Minute thirteen, and this is it. Guerrero went for a clothesline and missed, so now Mysterio is going to go for his finish, the springboard hurricanrana, which Guerrero counters into a backbreaker. Mysterio avoids a frog splash—neither man’s usual finish will be enough to win the match—and Guerrero rolls through. Here it is. They’re both on the ropes in the corner, Rey on the turnbuckle and Eddie on the middle rope, trading punches. Guerrero gains the advantage, goes for a splash mountain off the second ropes, but Rey is able to reverse it into his rana, hook the leg, and win. The YouTube version of the match cuts off here, but you can hear the elation, feel the release. The bell rings and everybody knows that they’ve seen an absolute classic, that they’ve seen two men break boundaries that they didn’t know wrestling had until they were broken. It’s a perfect match. It is beyond stars and, despite the number of them I’ve put into this space, beyond words.

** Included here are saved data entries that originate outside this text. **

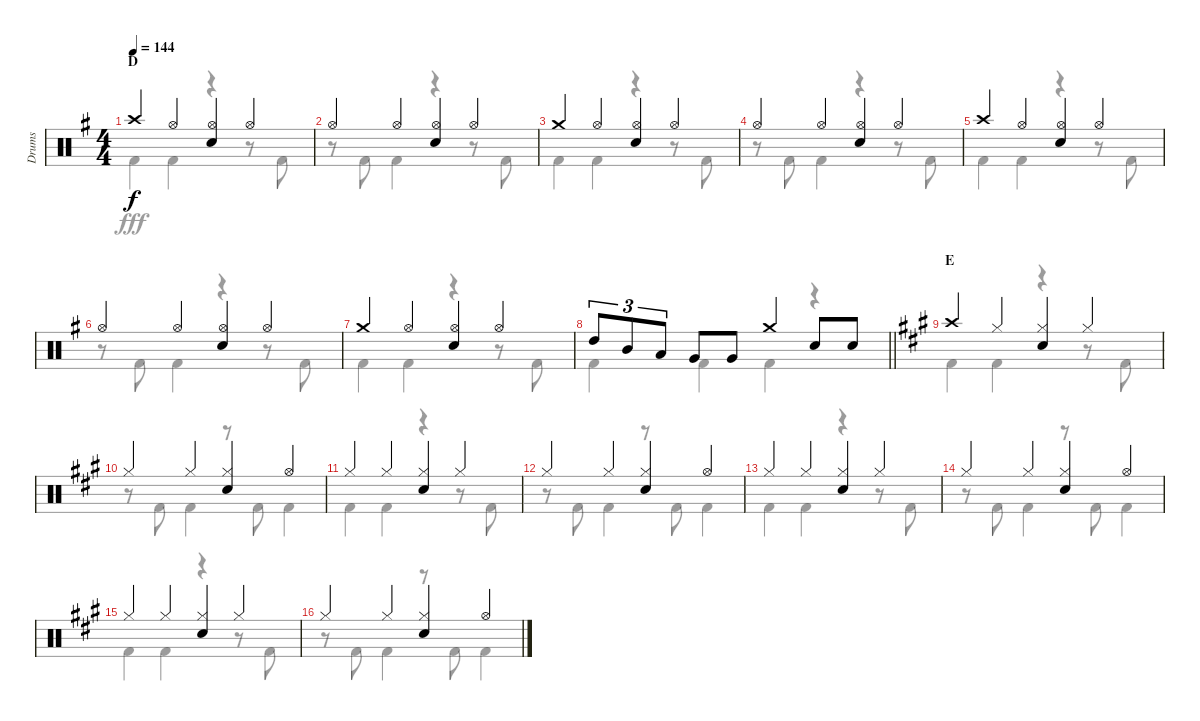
\track ("Drums" "Drums") {instrument percussion}
\staff {score}
\articulation defaults
\voice
\ts (4 4)
\section ("" "D")
\tempo 144
\clef neutral
\ks g "Crash high (hit)".4{dy f} "Hi-Hat (open)".4
("Hi-Hat (open)" "Snare (hit) 2").4 "Hi-Hat (open)".4 |
"Hi-Hat (open)".4 "Hi-Hat (open)".4 ("Hi-Hat (open)" "Snare (hit) 2").4 "Hi-Hat (open)".4 |
"Crash medium (hit)".4 "Hi-Hat (open)".4 ("Hi-Hat (open)" "Snare (hit) 2").4 "Hi-Hat (open)".4 |
"Hi-Hat (open)".4 "Hi-Hat (open)".4 ("Hi-Hat (open)" "Snare (hit) 2").4 "Hi-Hat (open)".4 |
"Crash high (hit)".4 "Hi-Hat (open)".4 ("Hi-Hat (open)" "Snare (hit) 2").4 "Hi-Hat (open)".4 |
"Hi-Hat (open)".4 "Hi-Hat (open)".4 ("Hi-Hat (open)" "Snare (hit) 2").4 "Hi-Hat (open)".4 |
"Crash medium (hit)".4 "Hi-Hat (open)".4 ("Hi-Hat (open)" "Snare (hit) 2").4 "Hi-Hat (open)".4 |
\barLineRight lightlight "High Tom (hit)".8{tu (3 2)} "Mid Tom (hit)".8{tu (3 2)} "Low Tom (hit)".8{tu (3 2)} "Very Low Tom (hit)".8 "Very Low Tom (hit)".8 "Crash medium (hit)".4 "Snare (hit) 2".8 "Snare (hit) 2".8
|
\section ("" "E")
\ks a "Crash high (hit)".4 "Hi-Hat (closed)".4
("Hi-Hat (closed)" "Snare (hit) 2").4 "Hi-Hat (closed)".4 |
"Hi-Hat (closed)".4 "Hi-Hat (closed)".4 ("Hi-Hat (closed)" "Snare (hit) 2").4 "Hi-Hat (open)".4 |
"Hi-Hat (closed)".4 "Hi-Hat (closed)".4 ("Hi-Hat (closed)" "Snare (hit) 2").4 "Hi-Hat (closed)".4 |
"Hi-Hat (closed)".4 "Hi-Hat (closed)".4 ("Hi-Hat (closed)" "Snare (hit) 2").4 "Hi-Hat (open)".4 |
"Hi-Hat (closed)".4 "Hi-Hat (closed)".4 ("Hi-Hat (closed)" "Snare (hit) 2").4 "Hi-Hat (closed)".4 |
"Hi-Hat (closed)".4 "Hi-Hat (closed)".4 ("Hi-Hat (closed)" "Snare (hit) 2").4 "Hi-Hat (open)".4 |
"Hi-Hat (closed)".4 "Hi-Hat (closed)".4 ("Hi-Hat (closed)" "Snare (hit) 2").4 "Hi-Hat (closed)".4 |
"Hi-Hat (closed)".4 "Hi-Hat (closed)".4 ("Hi-Hat (closed)" "Snare (hit) 2").4 "Hi-Hat (open)".4
\voice
\clef neutral
\ottava regular
\simile none
\ks g "Kick (hit) 2".4{dy fff} "Kick (hit) 2".4
r.4 r.8 "Kick (hit) 2".8 |
r.8 "Kick (hit) 2".8 "Kick (hit) 2".4 r.4 r.8 "Kick (hit) 2".8 |
"Kick (hit) 2".4 "Kick (hit) 2".4 r.4 r.8 "Kick (hit) 2".8 |
r.8 "Kick (hit) 2".8 "Kick (hit) 2".4 r.4 r.8 "Kick (hit) 2".8 |
"Kick (hit) 2".4 "Kick (hit) 2".4 r.4 r.8 "Kick (hit) 2".8 |
r.8 "Kick (hit) 2".8 "Kick (hit) 2".4 r.4 r.8 "Kick (hit) 2".8 |
"Kick (hit) 2".4 "Kick (hit) 2".4 r.4 r.8 "Kick (hit) 2".8 |
\barLineRight lightlight "Kick (hit) 2".4 "Kick (hit) 2".4 "Kick (hit) 2".4
r.4 |
\ks a "Kick (hit) 2".4 "Kick (hit) 2".4
r.4 r.8 "Kick (hit) 2".8 |
r.8 "Kick (hit) 2".8 "Kick (hit) 2".4 r.8 "Kick (hit) 2".8 "Kick (hit) 2".4 |
"Kick (hit) 2".4 "Kick (hit) 2".4 r.4 r.8 "Kick (hit) 2".8 |
r.8 "Kick (hit) 2".8 "Kick (hit) 2".4 r.8 "Kick (hit) 2".8 "Kick (hit) 2".4 |
"Kick (hit) 2".4 "Kick (hit) 2".4 r.4 r.8 "Kick (hit) 2".8 |
r.8 "Kick (hit) 2".8 "Kick (hit) 2".4 r.8 "Kick (hit) 2".8 "Kick (hit) 2".4 |
"Kick (hit) 2".4 "Kick (hit) 2".4 r.4 r.8 "Kick (hit) 2".8 |
r.8 "Kick (hit) 2".8 "Kick (hit) 2".4 r.8 "Kick (hit) 2".8 "Kick (hit) 2".4

Fourteen minutes. I find myself obsessed with this number on this watch through because it seems impossible for something so great to be so short. Wrestling’s use of time encourages us to think of long matches as the epics of the medium, something given space and time to really tell a story—look at how WWE regards Bret Hart vs. Shawn Michaels as one of the greatest matches of all time, or how Dave Meltzer kept adding stars to Kenny Omega vs. Kazuchika Okada matches the longer they got when the two truly peaked in their G1 match that had a thirty minute time limit. The magic of this match is time. They didn’t get much of it, so they threw everything they could into what they had. In reality, both men are physically exhausted—everything they did was snug and done at a breakneck pace, and while I’m not a stopwatch guy, they couldn’t have gone more than a minute overall in rest holds. But in the realm of fiction, which is where wrestling thrives, Mysterio’s pin feels like happenstance, like an underdog snatching victory out of the jaws of defeat. It’s not hard to imagine Guerrero kicking out, the match continuing. I wouldn’t feel the same way about it, I think the match would have been lessened if allowed more time, but that’s the magic here. Working with the fictional constraint of the time limit, working against the real constraint of actual time on the clock, it’s possible and impossible for Eddie Guerrero and Rey Mysterio Jr. to fight forever. That’s why, when the bell rings for Mysterio’s victory, you start the match over again. There’s no way you caught everything that happened in those fourteen minutes, even if you did.